The Rhodium figure is more consistent with broader indicators, including weak domestic demand, a prolonged property downturn, and subdued private-sector confidence, the Tokyo-based economist said.
Engineering Expansion
The deeper structural problem lies in how China manages growth. Targets are set first, and policy follows. Long describes an approach in which local governments and state-owned companies "engineer outcomes to fit the number."
When those targets exceed the economy's capacity, they encourage excessive investment — often reinforced by state subsidies — pushing firms to expand beyond sustainable levels. The result is a familiar cycle of overcapacity, diminishing returns, and mounting financial strain.

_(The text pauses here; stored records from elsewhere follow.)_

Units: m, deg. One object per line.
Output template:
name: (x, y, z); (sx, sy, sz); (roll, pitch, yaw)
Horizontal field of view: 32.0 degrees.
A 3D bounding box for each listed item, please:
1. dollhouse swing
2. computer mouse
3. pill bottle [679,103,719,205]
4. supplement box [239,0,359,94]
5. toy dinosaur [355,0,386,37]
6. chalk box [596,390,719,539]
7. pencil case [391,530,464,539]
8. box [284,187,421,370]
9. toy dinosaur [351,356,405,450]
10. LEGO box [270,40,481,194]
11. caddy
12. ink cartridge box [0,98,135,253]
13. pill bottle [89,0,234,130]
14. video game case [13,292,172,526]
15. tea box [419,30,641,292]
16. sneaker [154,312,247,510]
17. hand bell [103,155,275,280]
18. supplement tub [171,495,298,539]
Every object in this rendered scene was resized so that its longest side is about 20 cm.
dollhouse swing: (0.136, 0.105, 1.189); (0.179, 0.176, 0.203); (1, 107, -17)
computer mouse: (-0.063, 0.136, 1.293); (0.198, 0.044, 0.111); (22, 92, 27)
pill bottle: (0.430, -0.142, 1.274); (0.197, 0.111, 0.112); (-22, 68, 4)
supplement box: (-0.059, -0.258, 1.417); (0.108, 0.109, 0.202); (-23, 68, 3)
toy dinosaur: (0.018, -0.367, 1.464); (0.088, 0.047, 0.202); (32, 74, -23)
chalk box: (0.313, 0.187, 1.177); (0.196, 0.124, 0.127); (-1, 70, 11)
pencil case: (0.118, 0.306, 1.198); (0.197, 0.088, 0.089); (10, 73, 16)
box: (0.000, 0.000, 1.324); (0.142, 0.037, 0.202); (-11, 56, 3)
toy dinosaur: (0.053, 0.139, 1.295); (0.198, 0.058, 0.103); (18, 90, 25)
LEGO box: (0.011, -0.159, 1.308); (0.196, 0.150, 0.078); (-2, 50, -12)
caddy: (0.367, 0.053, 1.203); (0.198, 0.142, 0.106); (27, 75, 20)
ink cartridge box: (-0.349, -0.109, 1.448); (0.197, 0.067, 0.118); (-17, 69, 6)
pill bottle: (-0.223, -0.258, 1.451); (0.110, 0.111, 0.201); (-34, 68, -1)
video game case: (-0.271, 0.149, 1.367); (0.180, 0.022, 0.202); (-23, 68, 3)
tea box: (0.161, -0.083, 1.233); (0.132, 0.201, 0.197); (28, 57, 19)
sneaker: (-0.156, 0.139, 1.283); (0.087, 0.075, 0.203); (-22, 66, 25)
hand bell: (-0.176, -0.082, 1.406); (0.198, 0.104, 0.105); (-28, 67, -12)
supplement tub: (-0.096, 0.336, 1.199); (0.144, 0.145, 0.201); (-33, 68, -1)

The consequences have become more visible in the post-pandemic period, Long said, where the East Asian powerhouse has yet to recover fully from the aftershocks of its stringent COVID-19 controls.

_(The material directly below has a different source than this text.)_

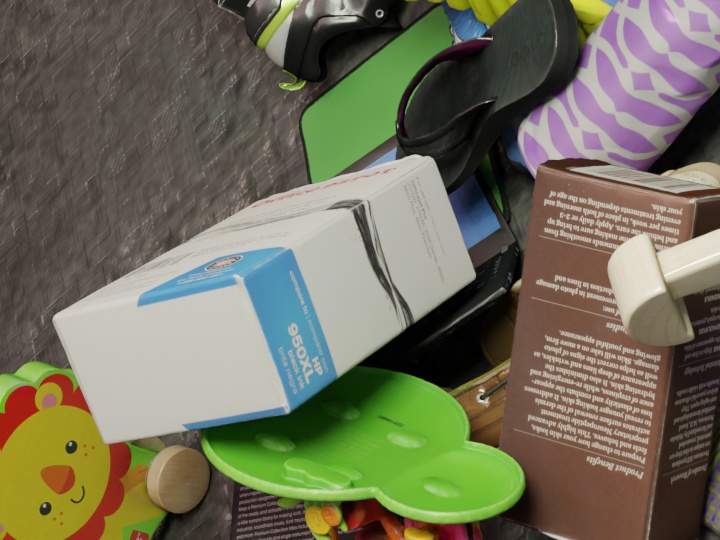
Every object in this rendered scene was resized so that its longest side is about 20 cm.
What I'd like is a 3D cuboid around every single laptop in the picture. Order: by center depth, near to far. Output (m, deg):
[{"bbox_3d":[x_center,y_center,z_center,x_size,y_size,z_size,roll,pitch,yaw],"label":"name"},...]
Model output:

Prolonged lockdowns weakened the service sector, drove many small- and medium-sized enterprises into bankruptcy, and contributed to a sharp rise in youth unemployment. As younger workers struggle to find jobs, "household incomes and consumption remain under pressure," Long said, limiting the scope for a demand-led recovery.
External pressures have only compounded these domestic weaknesses. Tariffs imposed under the Trump administration continue to weigh on exports, even as geopolitical tensions encourage multinational firms to diversify supply chains away from China.
Rethinking the Taiwan Issue
For years, China's political economy under President Xi Jinping rested on an implicit bargain: sustained growth in exchange for a tighter political grip. But as growth slows, that balance may be shifting.
Signs of strain are becoming more visible within the system, reflected in an intensified anti-corruption campaign and a series of high-level purges, particularly within the military.
In recent months, Beijing has expanded its anti-graft drive within the People's Liberation Army, removing senior officials and reshuffling key posts. Such purges are not new, but their scale has raised questions about the PLA's operational readiness.
Analysts have argued that stripping away senior military leadership could leave Xi more prone to risk-taking. Long, however, pushed back against alarmist readings. The latest removals, he argued, have sidelined commanders with meaningful combat experience.

Of the seven members of the Central Military Commission, only two — excluding Xi — remain in place, both in non-operational roles. That, he said, reduces the likelihood of any serious military move, including an imminent crisis over Taiwan, for the foreseeable future.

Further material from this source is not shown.